### TASK OBJECTIVE:
Beginning at the line containing "text Kamerstukken II 2013/14, 33 801, nr. 3, p. 40.", output every line to the end of the data below exactly as it appears.

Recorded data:
_ _ _ _ _ _ _
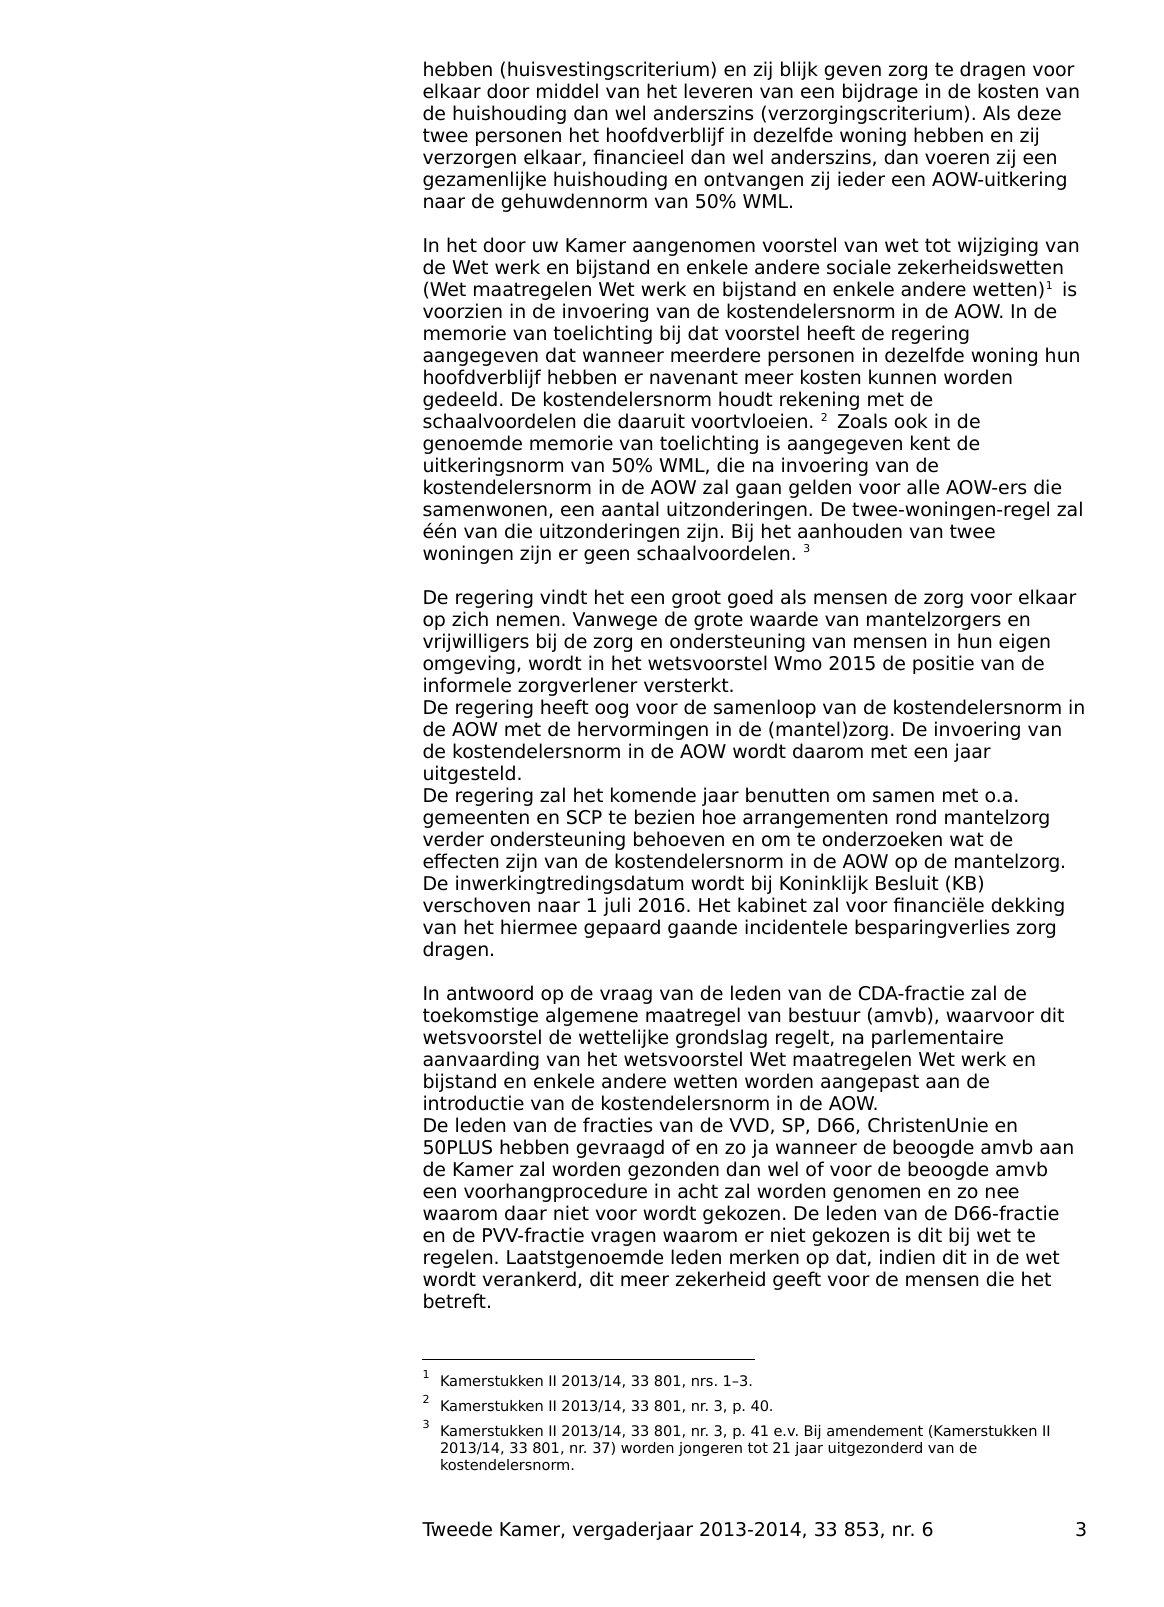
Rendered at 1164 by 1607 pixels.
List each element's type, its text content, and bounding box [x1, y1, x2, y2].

text De regering vindt het een groot goed als mensen de zorg voor elkaar op zich nemen. Vanwege de grote waarde van mantelzorgers en vrijwilligers bij de zorg en ondersteuning van mensen in hun eigen omgeving, wordt in het wetsvoorstel Wmo 2015 de positie van de informele zorgverlener versterkt. [422, 587, 1087, 697]
text In het door uw Kamer aangenomen voorstel van wet tot wijziging van de Wet werk en bijstand en enkele andere sociale zekerheidswetten (Wet maatregelen Wet werk en bijstand en enkele andere wetten) is voorzien in de invoering van de kostendelersnorm in de AOW. In de memorie van toelichting bij dat voorstel heeft de regering aangegeven dat wanneer meerdere personen in dezelfde woning hun hoofdverblijf hebben er navenant meer kosten kunnen worden gedeeld. De kostendelersnorm houdt rekening met de schaalvoordelen die daaruit voortvloeien. Zoals ook in de genoemde memorie van toelichting is aangegeven kent de uitkeringsnorm van 50% WML, die na invoering van de kostendelersnorm in de AOW zal gaan gelden voor alle AOW-ers die samenwonen, een aantal uitzonderingen. De twee-woningen-regel zal één van die uitzonderingen zijn. Bij het aanhouden van twee woningen zijn er geen schaalvoordelen. [422, 235, 1087, 565]
text De regering heeft oog voor de samenloop van de kostendelersnorm in de AOW met de hervormingen in de (mantel)zorg. De invoering van de kostendelersnorm in de AOW wordt daarom met een jaar uitgesteld. [422, 697, 1087, 785]
text hebben (huisvestingscriterium) en zij blijk geven zorg te dragen voor elkaar door middel van het leveren van een bijdrage in de kosten van de huishouding dan wel anderszins (verzorgingscriterium). Als deze twee personen het hoofdverblijf in dezelfde woning hebben en zij verzorgen elkaar, financieel dan wel anderszins, dan voeren zij een gezamenlijke huishouding en ontvangen zij ieder een AOW-uitkering naar de gehuwdennorm van 50% WML. [422, 59, 1087, 213]
text De regering zal het komende jaar benutten om samen met o.a. gemeenten en SCP te bezien hoe arrangementen rond mantelzorg verder ondersteuning behoeven en om te onderzoeken wat de effecten zijn van de kostendelersnorm in de AOW op de mantelzorg. [422, 785, 1087, 873]
text In antwoord op de vraag van de leden van de CDA-fractie zal de toekomstige algemene maatregel van bestuur (amvb), waarvoor dit wetsvoorstel de wettelijke grondslag regelt, na parlementaire aanvaarding van het wetsvoorstel Wet maatregelen Wet werk en bijstand en enkele andere wetten worden aangepast aan de introductie van de kostendelersnorm in de AOW. [422, 983, 1087, 1115]
text De leden van de fracties van de VVD, SP, D66, ChristenUnie en 50PLUS hebben gevraagd of en zo ja wanneer de beoogde amvb aan de Kamer zal worden gezonden dan wel of voor de beoogde amvb een voorhangprocedure in acht zal worden genomen en zo nee waarom daar niet voor wordt gekozen. De leden van de D66-fractie en de PVV-fractie vragen waarom er niet gekozen is dit bij wet te regelen. Laatstgenoemde leden merken op dat, indien dit in de wet wordt verankerd, dit meer zekerheid geeft voor de mensen die het betreft. [422, 1115, 1087, 1312]
text Kamerstukken II 2013/14, 33 801, nr. 3, p. 41 e.v. Bij amendement (Kamerstukken II 2013/14, 33 801, nr. 37) worden jongeren tot 21 jaar uitgezonderd van de kostendelersnorm. [422, 1418, 1087, 1474]
text De inwerkingtredingsdatum wordt bij Koninklijk Besluit (KB) verschoven naar 1 juli 2016. Het kabinet zal voor financiële dekking van het hiermee gepaard gaande incidentele besparingverlies zorg dragen. [422, 873, 1087, 961]
text Kamerstukken II 2013/14, 33 801, nr. 3, p. 40. [422, 1393, 1087, 1416]
text Kamerstukken II 2013/14, 33 801, nrs. 1–3. [422, 1368, 1087, 1391]
_ _ _ _ _ _ _
### RESPONSE BELOW:
text Kamerstukken II 2013/14, 33 801, nr. 3, p. 40. [422, 1393, 1087, 1416]
text Kamerstukken II 2013/14, 33 801, nrs. 1–3. [422, 1368, 1087, 1391]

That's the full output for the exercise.